■ ACTIVITY:
All the lines below need to be transcribed exactly. Pictures get left out.

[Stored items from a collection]

--- --- ---

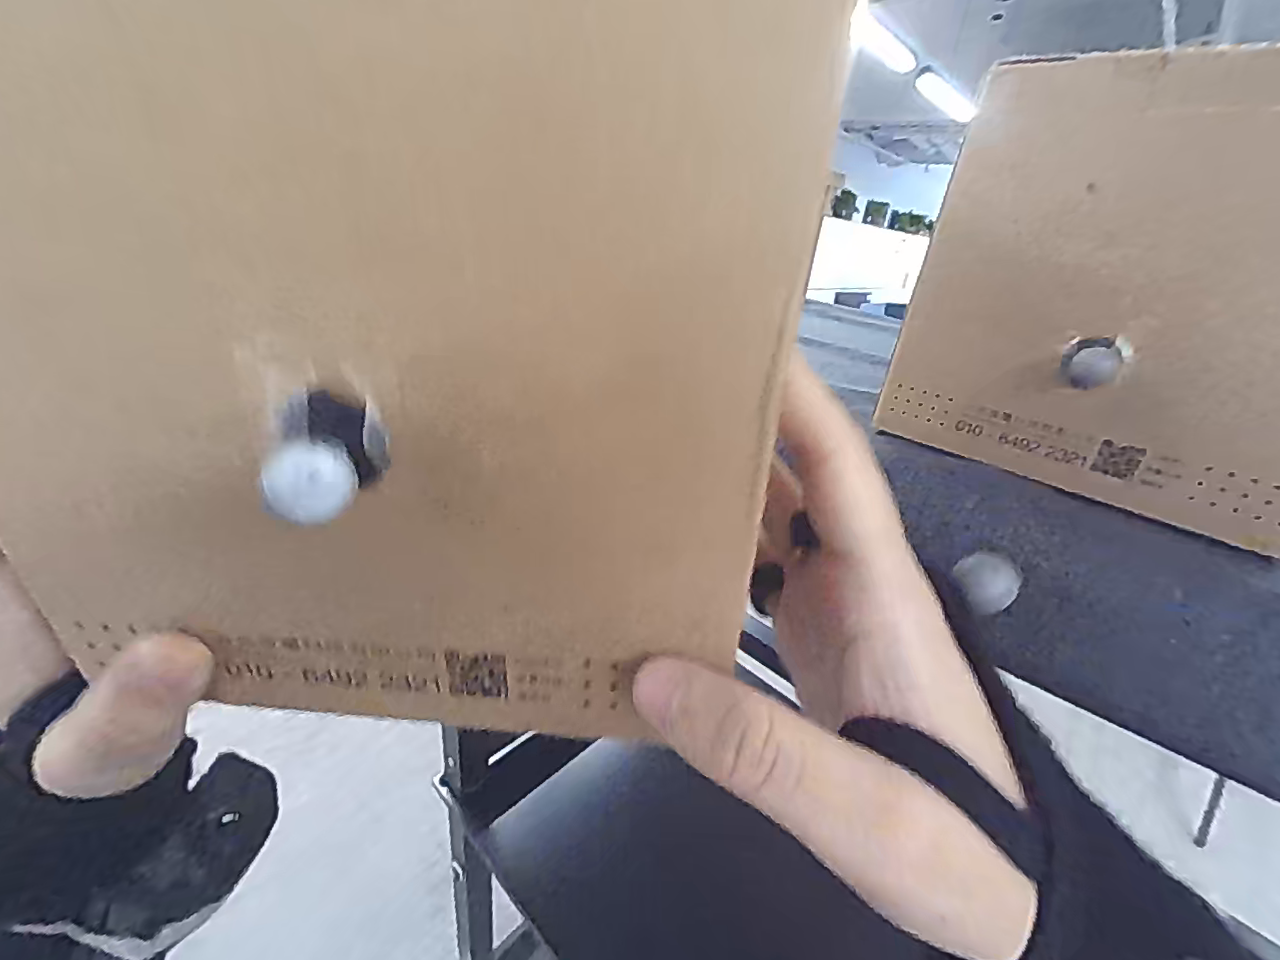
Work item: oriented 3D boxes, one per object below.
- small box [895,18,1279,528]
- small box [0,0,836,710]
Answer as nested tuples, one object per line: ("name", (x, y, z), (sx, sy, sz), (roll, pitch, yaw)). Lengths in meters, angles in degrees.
("small box", (0.257, -0.097, 0.274), (0.168, 0.176, 0.179), (27, 29, 37))
("small box", (-0.050, -0.053, 0.176), (0.168, 0.176, 0.179), (5, 28, 1))
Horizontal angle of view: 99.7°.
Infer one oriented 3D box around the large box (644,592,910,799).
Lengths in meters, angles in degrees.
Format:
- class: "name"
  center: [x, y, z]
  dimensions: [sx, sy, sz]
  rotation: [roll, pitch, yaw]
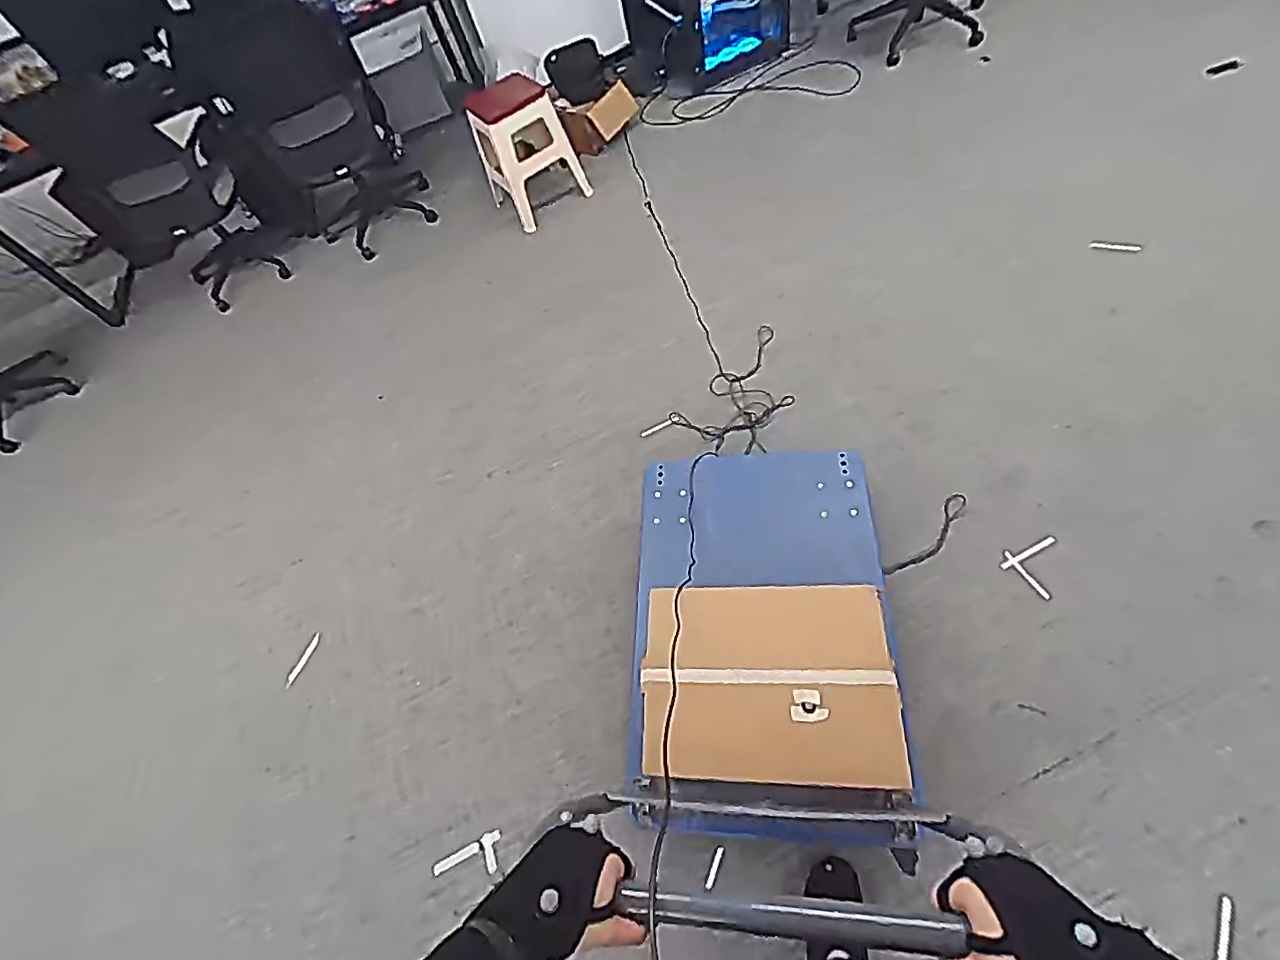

--- --- ---

■ SOLUTION TO THE PROBLEM:
Work item: oriented 3D boxes, one per object below.
- small box [895,18,1279,528]
- small box [0,0,836,710]
Answer as nested tuples, one object per line: ("name", (x, y, z), (sx, sy, sz), (roll, pitch, yaw)). Lengths in meters, angles in degrees.
("small box", (0.257, -0.097, 0.274), (0.168, 0.176, 0.179), (27, 29, 37))
("small box", (-0.050, -0.053, 0.176), (0.168, 0.176, 0.179), (5, 28, 1))
Horizontal angle of view: 99.7°.
Infer one oriented 3D box around the large box (644,592,910,799).
Lengths in meters, angles in degrees.
Format:
- class: "name"
  center: [x, y, z]
  dimensions: [sx, sy, sz]
  rotation: [roll, pitch, yaw]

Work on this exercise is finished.